Here we continue the work that we’ve done in Increasing or Decreasing?, and Intervals of Concavity. If you haven’t read through those yet, I would suggest going back and reading them since we will be using the information that we found there. The next step will now be to put the information together so that we can sketch the graph of the function.

Graph the function

Graph the function \(f(x)=x(x-2)^{3}\) labeling all pertinent information.

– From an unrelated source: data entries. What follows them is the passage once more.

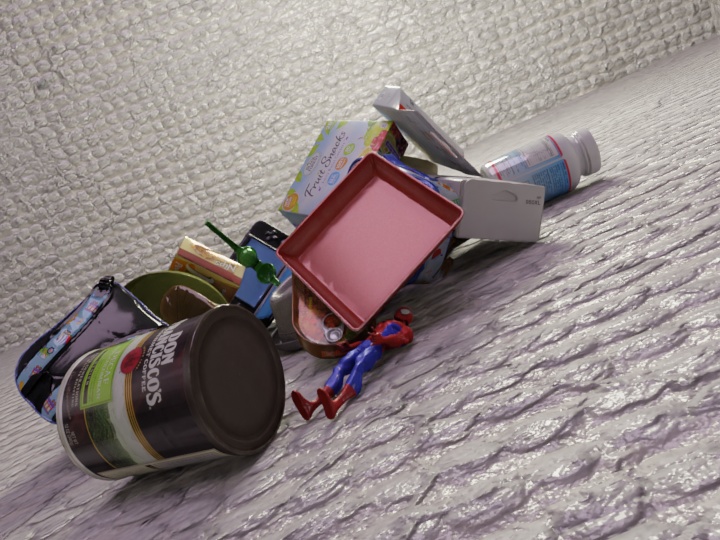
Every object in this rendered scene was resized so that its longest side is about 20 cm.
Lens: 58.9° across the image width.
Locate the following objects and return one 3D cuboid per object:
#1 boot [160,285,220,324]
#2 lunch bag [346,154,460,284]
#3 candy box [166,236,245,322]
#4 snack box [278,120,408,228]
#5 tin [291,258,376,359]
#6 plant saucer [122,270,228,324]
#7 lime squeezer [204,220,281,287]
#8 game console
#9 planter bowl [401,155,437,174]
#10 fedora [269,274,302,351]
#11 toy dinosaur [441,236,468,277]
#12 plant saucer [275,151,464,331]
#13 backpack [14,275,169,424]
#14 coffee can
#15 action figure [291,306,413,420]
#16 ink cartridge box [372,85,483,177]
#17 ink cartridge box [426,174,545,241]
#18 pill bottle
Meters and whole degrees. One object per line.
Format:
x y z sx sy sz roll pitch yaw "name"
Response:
-0.183 0.105 0.931 0.073 0.197 0.155 -56 -22 -10 "boot"
0.045 -0.079 0.928 0.075 0.164 0.198 -1 23 -46 "lunch bag"
-0.289 0.053 1.085 0.201 0.114 0.056 -54 18 31 "candy box"
-0.031 -0.163 1.114 0.166 0.068 0.203 12 67 42 "snack box"
-0.035 0.033 0.857 0.109 0.042 0.203 -12 43 6 "tin"
-0.301 0.074 1.044 0.196 0.202 0.031 -20 36 14 "plant saucer"
-0.182 -0.009 1.075 0.038 0.199 0.071 -50 -4 12 "lime squeezer"
-0.176 -0.001 1.145 0.202 0.168 0.119 -57 -12 -22 "game console"
0.076 -0.138 1.180 0.195 0.138 0.200 11 3 -1 "planter bowl"
-0.060 0.040 0.971 0.196 0.092 0.177 -25 11 -10 "fedora"
0.130 -0.035 1.011 0.196 0.062 0.106 -25 9 -6 "toy dinosaur"
0.011 -0.039 0.832 0.200 0.037 0.199 -47 49 -5 "plant saucer"
-0.373 0.141 0.915 0.181 0.136 0.200 32 58 22 "backpack"
-0.199 0.134 0.677 0.196 0.149 0.146 -18 12 27 "coffee can"
0.005 0.093 0.714 0.065 0.053 0.199 -20 9 41 "action figure"
0.116 -0.231 1.043 0.048 0.159 0.200 -51 25 1 "ink cartridge box"
0.171 -0.102 0.993 0.141 0.087 0.200 1 10 -18 "ink cartridge box"
0.324 -0.178 1.150 0.196 0.111 0.109 -22 11 3 "pill bottle"

Before we start graphing, we want to understand what we should be highlighting. In particular, the problem asks us to label all pertinent information, but what does that mean? The idea is that if you were to look at a graph, what would stick out to you? I would suggest you take a moment to think about this, but the things that will catch my eye are the following.

  • From the function
    • Points of discontinuity, including vertical asymptotes.
    • Horizontal asymptotes.
    • Zeroes of the function (that is \(x\)-intercepts).
    • \(y\)-intercepts.
  • From the derivative.
    • Local extrema (critical points).
    • Intervals of increasing and decreasing.
  • From the second derivative.
    • Inflection points.
    • Intervals of concavity.

Function information

As we look at the function, our goal is to find things that will stick out about heights. The first thing that would stick out, is if there were no function value. In this case, however, we know that \(f(x)=x(x-2)^{3}\) is a polynomial, therefore, the function is continuous over all real numbers. Hence, we will have no points of discontinuity.

Next, we would want to determine if the function values tended toward a specific value as \(x\) got arbitrarily large in the positive or negative direction. However, if we let \(x \to \infty\) we note that \(f(x) \to \infty\) and if \(x \to -\infty\) we find \(f(x) \to \infty\). Therefore, in both directions, the function will grow without bound giving us no horizontal asymptotes.

Now we need to find zeroes of the function. In this case we set
\begin{align*}
f(x)&=0 \\
x(x-2)^{3}&=0 \\
x&=0 \text{ or } (x-2)^{3}=0 \\
x&=0 \text{ or } x=2.
\end{align*}
We, therefore, find that the zeroes of the function are at \(x=0\) and \(x=2\).

Lastly, we may want to know the \(y\)-intercept. That is, the \(y\)-value when \(x=0\). In this case, we find that \(f(0)=0\).

Derivatives

In Increasing or Decreasing? we found the information regarding critical points and intervals of increasing and decreasing. We summarize this using the number line below.

Furthermore, for the critical points we had a local minimum at \((\frac{1}{2}, -\frac{27}{16})\) and local maximum at \((2,0)\).

In Intervals of Concavity we found the information regarding inflection points and concavity. We summarize this using the number line below.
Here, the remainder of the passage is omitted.